How to complete this task –
Reproduce word for word, from the entries below, the line with "text Indien u", the line with "text Aanvraag omgevingsvergunning", and every line between them, and nothing more.

Input material –
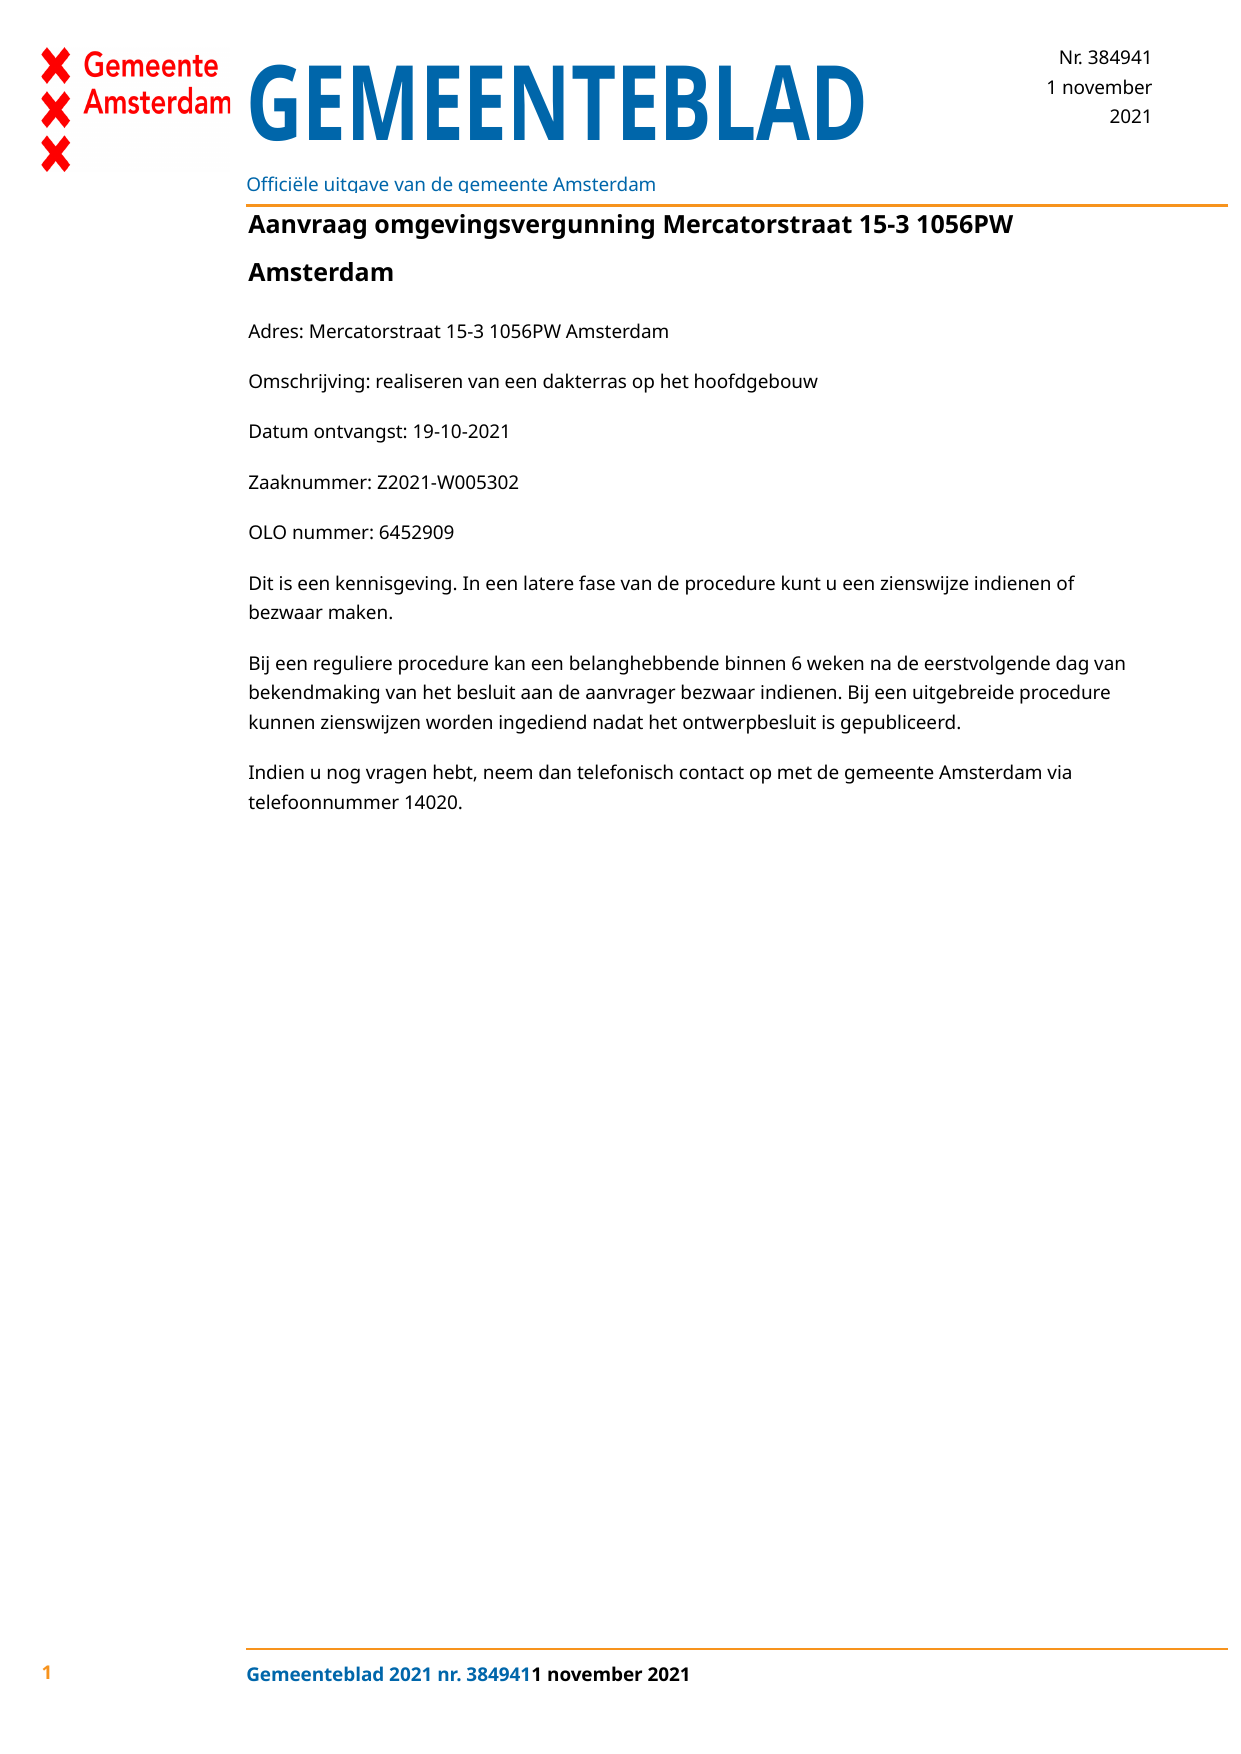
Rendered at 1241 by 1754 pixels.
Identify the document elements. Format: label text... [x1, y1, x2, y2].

text Omschrijving: realiseren van een dakterras op het hoofdgebouw [248, 368, 1152, 394]
picture [41, 47, 231, 172]
text Adres: Mercatorstraat 15-3 1056PW Amsterdam [248, 318, 1152, 344]
text Bij een reguliere procedure kan een belanghebbende binnen 6 weken na de eerstvolgende dag van bekendmaking van het besluit aan de aanvrager bezwaar indienen. Bij een uitgebreide procedure kunnen zienswijzen worden ingediend nadat het ontwerpbesluit is gepubliceerd. [248, 650, 1152, 735]
text Indien u nog vragen hebt, neem dan telefonisch contact op met de gemeente Amsterdam via telefoonnummer 14020. [248, 759, 1152, 815]
text Datum ontvangst: 19-10-2021 [248, 419, 1152, 444]
text OLO nummer: 6452909 [248, 519, 1152, 545]
text Aanvraag omgevingsvergunning Mercatorstraat 15-3 1056PW Amsterdam [248, 207, 1152, 288]
text Dit is een kennisgeving. In een latere fase van de procedure kunt u een zienswijze indienen of bezwaar maken. [248, 570, 1152, 625]
text Zaaknummer: Z2021-W005302 [248, 469, 1152, 495]

Finished exercise –
text Indien u nog vragen hebt, neem dan telefonisch contact op met de gemeente Amsterdam via telefoonnummer 14020. [248, 759, 1152, 815]
text Datum ontvangst: 19-10-2021 [248, 419, 1152, 444]
text OLO nummer: 6452909 [248, 519, 1152, 545]
text Aanvraag omgevingsvergunning Mercatorstraat 15-3 1056PW Amsterdam [248, 207, 1152, 288]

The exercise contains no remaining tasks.